The soluble sugar contents were analyzed by anthrone colorimetry method [37]. 0.5 g of fresh celery leaves were cut into pieces and put into a test tube, to which 5 mL distilled water was added and mixed. After 30 min in a boiling water bath, the supernatant was collected, this step was repeated twice. Extra distilled water was added to fill the solution to 10 mL, then analyzed with a spectrophotometer UV-2102C (Honglang Company, ZhengZhou, China) at 630 nm wavelengths.
For determination of vitamin C [38], 10 g fresh celery leaves were grinded 60 mL of mixture of metaphosphoric and acetic acid (3% HPO3 + 8% CH3COOH) was added instantly to avoid vitamin C breakdown in air. The dilutions were shaken in shaker reciprocating 190–200 rpm min-1 for one hour using. After that, 2 mL of starch indicator was added to it and the solution was immediately titrated with standard solution of iodine I2 until the solution turns the color from initial reddish-brown color to greyish-blue.
Fiber content was measured by ANKOM A200i semi-automatic fiber analyzer [39]: 0.5 g of petiole dry sample was put into the filter bag. The filter bag was washed with the configured neutral detergent solution in the ANKOM A200i semi-automatic fiber analyzer (ANKOM Technology, New York, America) for 75 min. The filter bag was taken out and rinsed with acetone for 5 min. After being dried naturally, it was put into the oven at 100 oC for 4 hours. The sample was taken out from the previous step to a dryer and cool to room temperature, then recorded the weight of the sample and add acidic washing solution for 60 min, take out the filter bag and rinse with acetone for 5 min, dry naturally. The filter bag was put into the oven at 100 oC for 4 hours, then cooled to room temperature in a dryer and weigh it. The filter bag was immersed in 72% sulfuric acid solution for 3 hours, rinse the filter bag to pH neutral with water, then rinse with acetone for 3 min, dry naturally. The filter bag was put in a 100 oC oven for 4 hours, dry and weighed it after cooling to room temperature.

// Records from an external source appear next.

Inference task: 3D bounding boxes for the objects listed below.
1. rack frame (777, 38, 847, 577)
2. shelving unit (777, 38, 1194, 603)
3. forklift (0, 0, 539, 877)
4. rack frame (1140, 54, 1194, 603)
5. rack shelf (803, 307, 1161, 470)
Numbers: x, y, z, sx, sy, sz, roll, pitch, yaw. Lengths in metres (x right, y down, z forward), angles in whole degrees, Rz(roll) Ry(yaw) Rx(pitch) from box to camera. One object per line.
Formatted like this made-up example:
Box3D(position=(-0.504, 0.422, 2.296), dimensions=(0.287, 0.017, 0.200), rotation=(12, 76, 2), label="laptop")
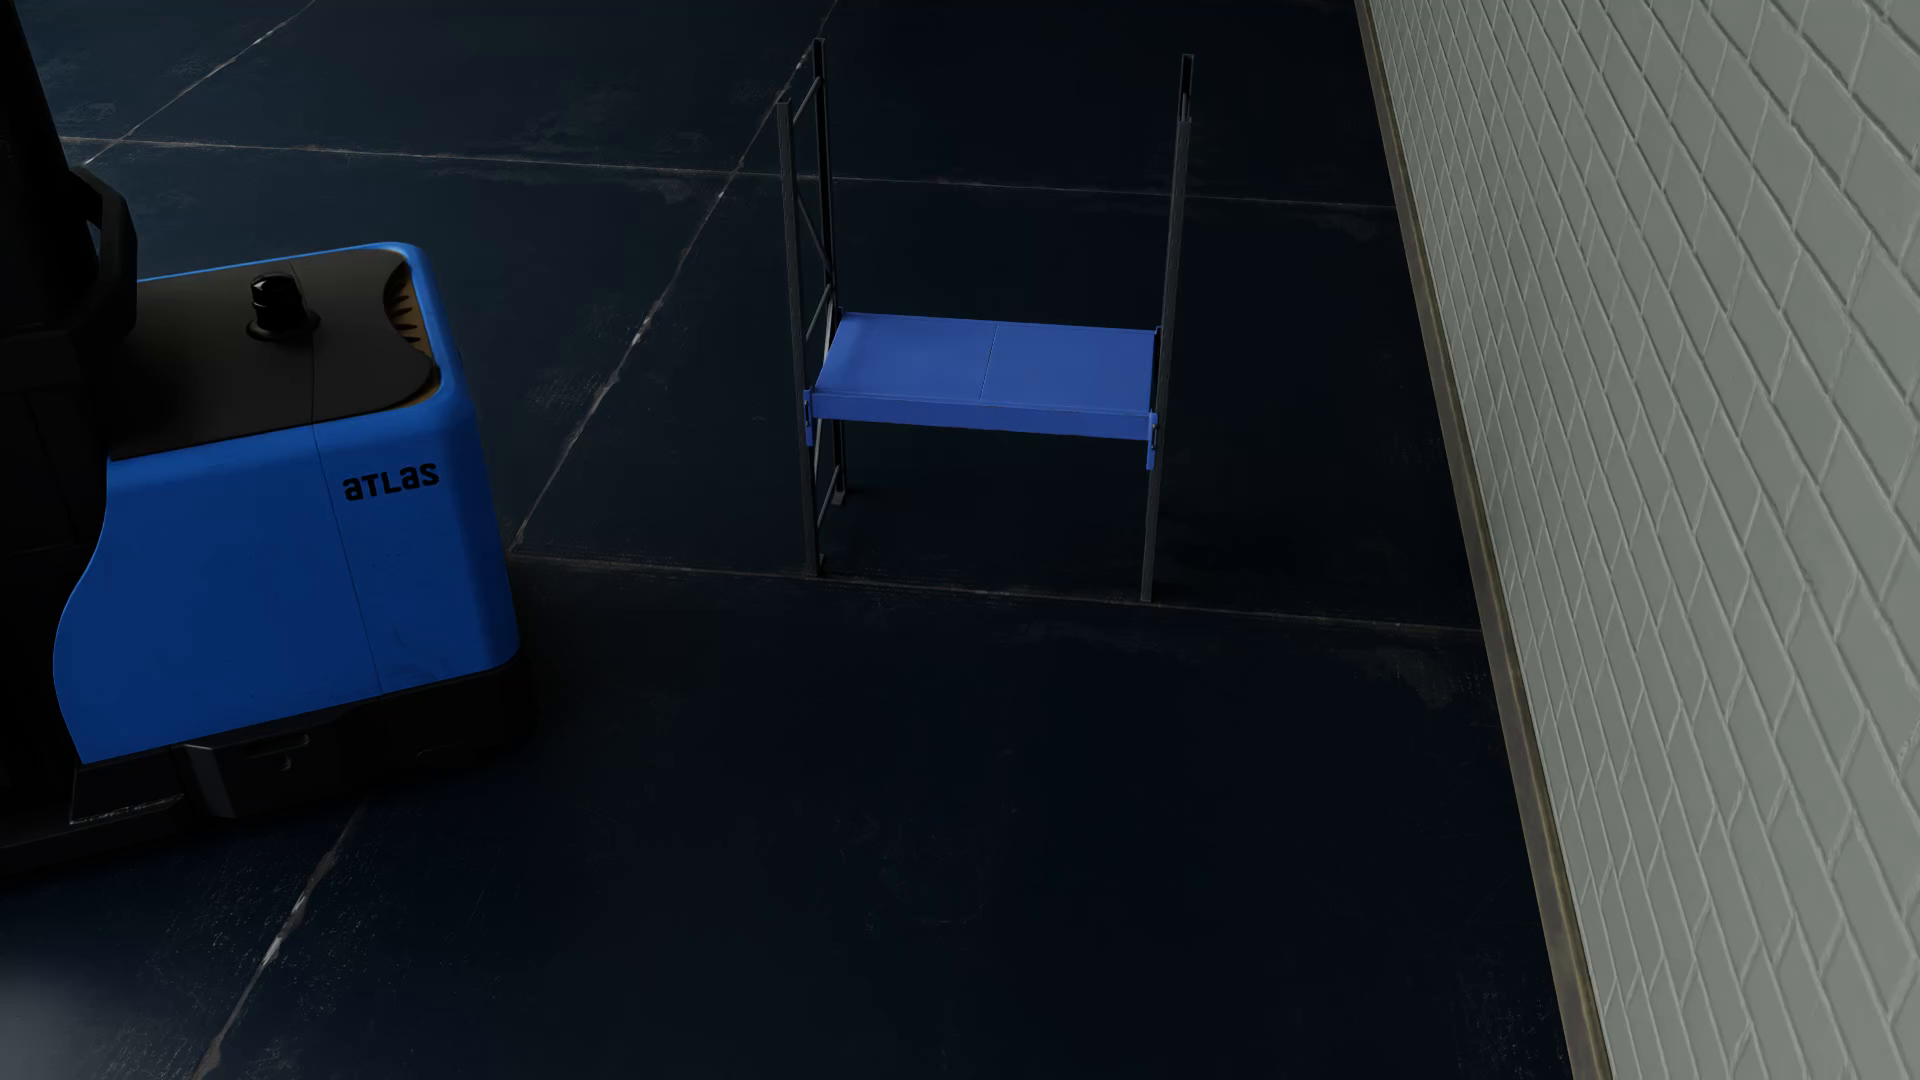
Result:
Box3D(position=(-0.420, -0.642, 4.858), dimensions=(0.032, 1.500, 0.500), rotation=(4, 36, 6), label="rack frame")
Box3D(position=(0.085, -0.604, 4.805), dimensions=(1.048, 1.500, 0.538), rotation=(4, 36, 6), label="shelving unit")
Box3D(position=(-2.700, -0.582, 3.543), dimensions=(3.031, 2.935, 1.130), rotation=(-13, 38, -17), label="forklift")
Box3D(position=(0.589, -0.567, 4.753), dimensions=(0.032, 1.500, 0.500), rotation=(4, 36, 6), label="rack frame")
Box3D(position=(0.085, -0.458, 4.910), dimensions=(1.000, 0.185, 0.538), rotation=(4, 36, 6), label="rack shelf")

The root system was measured by scanning method [40] at the end of harvest (November 10, 2015 for AC and on May 30, 2016 for SC). The whole root system of a celery was collected and rinsed with water, in three replications, then scanned the root system in the EPSOM EXPRESSION 4990 (Seiko Epson Corporation, ChangYe, Germany). The data of root length (RL), root surface area (RSA), root volume (RV) were analyzed by WinRHIZO (Regent Instrument Inc, Ville de Québec, QC Canada).
Calculation of WUE
Economic and biological of WUE (WUEe and WUEb, respectively) were calculated with the following formulas:
WUEe = EY/I, (2)
WUEb = BY/I, (3)
where EY is the economic yield (kg), including the fresh weight of the stems and leaves in celery, BY is the biological yield (kg), including the fresh weight of the roots, stems, and leaves in celery, and I is the irrigation content (m3).
Data analysis
The data were analyzed by Excel and SPSS 13.0, and data from each sampling event were analyzed separately. The data were subjected to analysis of variance (ANOVA) and Duncan's least significant difference (LSD) test to determine the significance, and the significance was set as p < 0.05. The homogeneity of variances was checked by Bartlett tests, and the normality of the variables was tested by the Shapiro-Wilk test.